Tuan Lori

Adinda Amalia
Chapter #21

20: Ucapkan Salam

Berpapasan dengan tuan.

Bunyi khas buku ditutup dengan kasar, menggema seisi kabin. Jati melempar buku bersampul putih bersih tersebut ke dalam laci, sebelum menutup kembali. Pria itu menyandar kursi kemudi. Menutup mata, meredam aura mencekam yang memancar dari dirinya.

“Lu lama banget, Haw. Perasaan tadi habis sarapan juga udah minum.” Bana membuka pintu truk, terdiam di pinggir jalan sesaat guna membiarkan si gadis naik terlebih dahulu.

Haw berlalu tanpa menatap pemuda tersebut. “Gue pengen yang manis kayak yogurt.”

“Lu tahu berapa harganya yogurt?” Bana mengernyit, memandang gadis itu agak tajam seraya mengambil duduk di kursi paling kiri sambil menutup pintu. “Kalo Bang Jati tahu, pasti marah.” Lantas dia berlagak mengadu, “Bang Jati!
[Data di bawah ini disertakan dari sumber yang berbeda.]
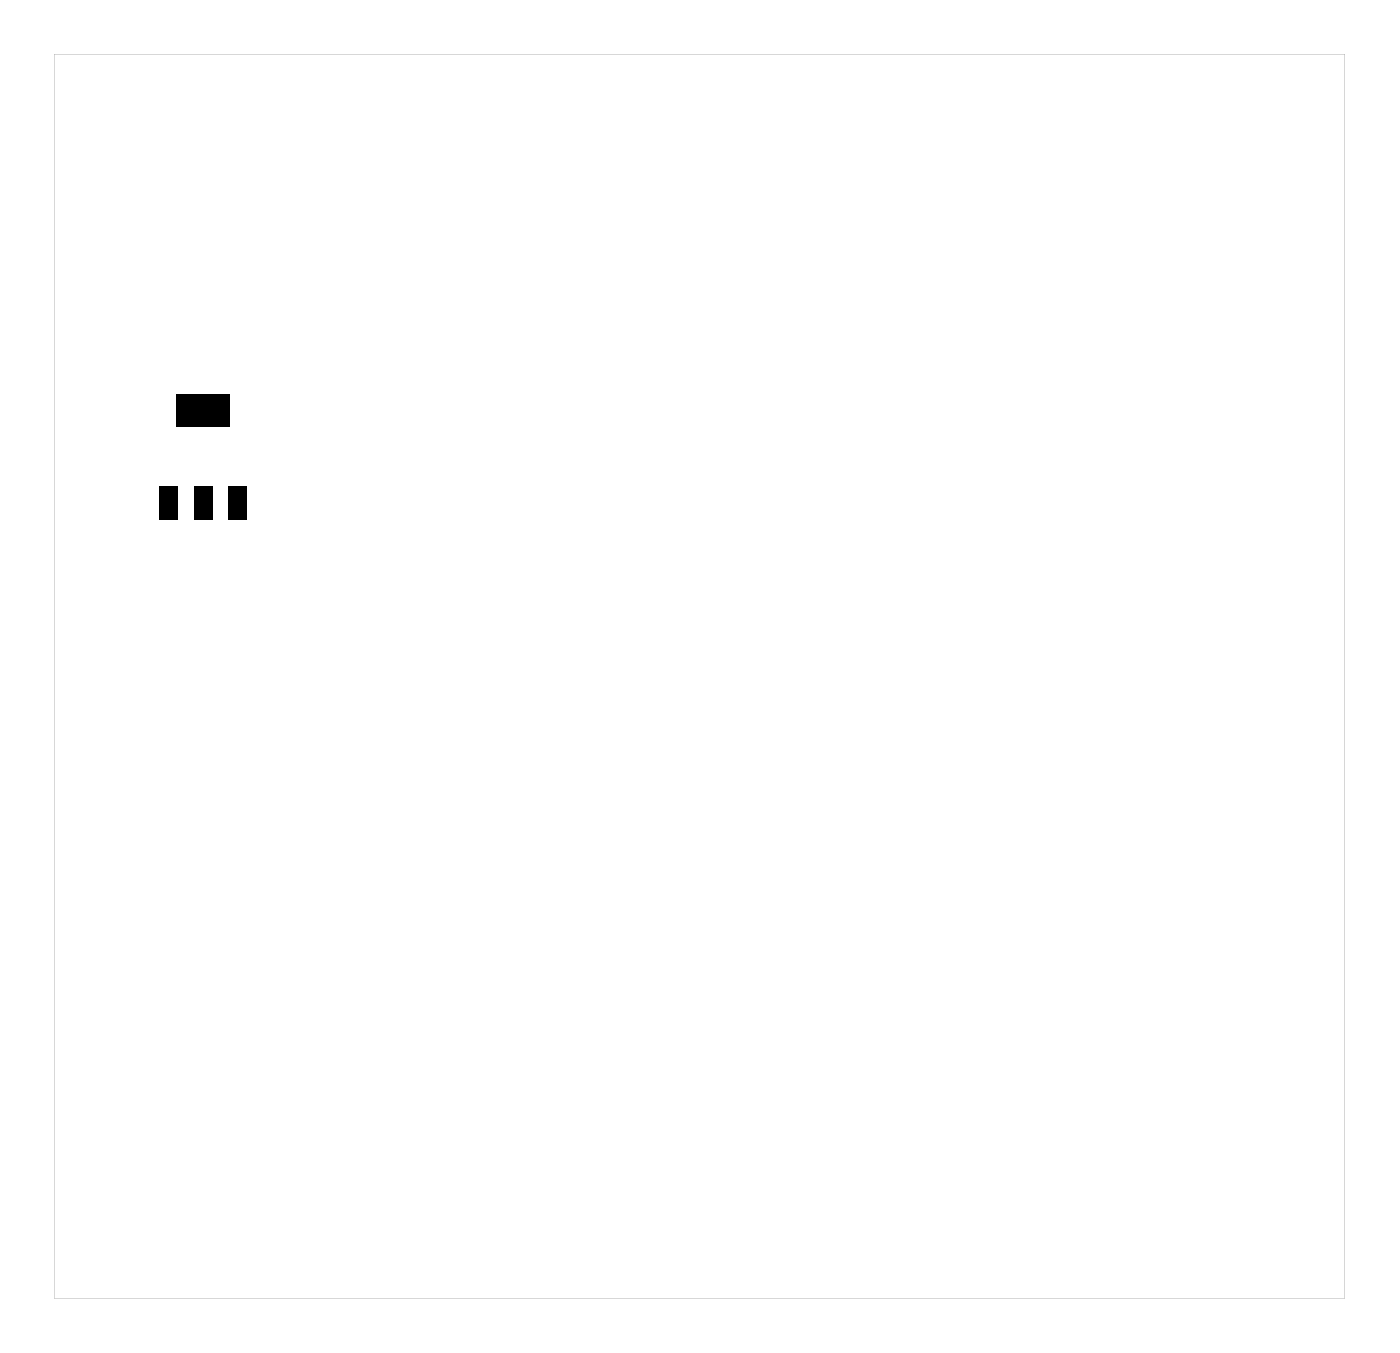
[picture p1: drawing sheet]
<svg xmlns="http://www.w3.org/2000/svg" width="94mm" height="91mm" viewBox="0 0 94 91" stroke-linecap="round" stroke-linejoin="round" font-family="sans-serif">
<g fill="#000">
<path d="M10.7 32.6h1.2v2.3h-1.2zM13 32.6h1.2v2.3h-1.2zM11.8 26.4h3.6v2.2h-3.6zM15.3 32.6h1.2v2.3h-1.2z"/>
<path d="M3.6 3.6h86.5v83.4h-86.5zM3.6 3.6v83.4h86.5v-83.4z"/>
</g>
</svg>

Haui tadi—” 

“Ke sini.” Jati membuka pintu truk sebelah kanan. Turun tanpa sempat menatap dua bocah di kabin sesaat pun. Lantas menutup kembali dengan agak kasar.

Penuh tanya, Bana dan Haw bertukar pandang sejenak. Kemudian, menyusul melalui pintu sebelah kiri, sebelum berjalan memutar menghampiri si pria muda di sebelah box Fero.

Jati meletakkan tangan di depan dada. “Gue gak mau kalian lancang lagi!” Dia sedikit mengerutkan alis. “Buku itu bukan punya kalian!”

Bana dan Haw kompak terkejut. Tertegun beberapa detik lantaran Jati tiba-tiba membahas hal itu. Mereka seharusnya sudah memahami sejak dulu, tetapi sekarang perlahan mulai waspada akan makna tersirat yang terkandung.

Jati memindah tangan ke saku celana kanan-kiri. Jaket T-Grandis Express sengaja ditinggalkan di kabin truk, sehingga dia tampak lebih tegap dengan kaos hitam yang mempetas postur tubuhnya. “Kalian tahu berapa lama gue nahan marah?”

Bana kian dibuat terkejut, dan semakin bercampur bingung. “Bang Jati ….”

“Gue menahan diri karena kalian awalnya cuma lihat-lihat. Tapi kalo berani bersikap seolah pemilik dari buku itu, gak ada ampun udah.” Nada bicara sedikit lebih lirih daripada biasa, tetapi sanggup menimbulkan ngeri yang menghantui dua bocah di hadapannya. “Lagian dari awal kalian gak dengerin gue sama sekali, ‘kan?” Pria muda itu kemudian tertawa pelan sekali seraya membuang muka, menambah aura pekat di bayang-bayangnya.

Bana sedikit mengerutkan alis. "Kenapa gue juga kena?" Dia tak terlalu bergeming akan intimidasi tak langsung oleh Jati, masih sanggup agak berlagak mengomel, "Gue hampir gak pernah pegang buku itu."

Jati melangkah sekali dengan kencang, menimbulkan bunyi menggema. “Andai lu dulu gak ngerebut buku itu sebelum gue, Haui gak bakal berani pegang-pegang lagi.” Dia mempersingkat jarak antara keduanya. “Lu emang lebih jarang pegang, tapi lu yang memulai semua.”

Jati berubah kian mencekam seiring menyipitkan mata saat suaranya melirih, “Siapa yang ngajarin lu kayak gitu?”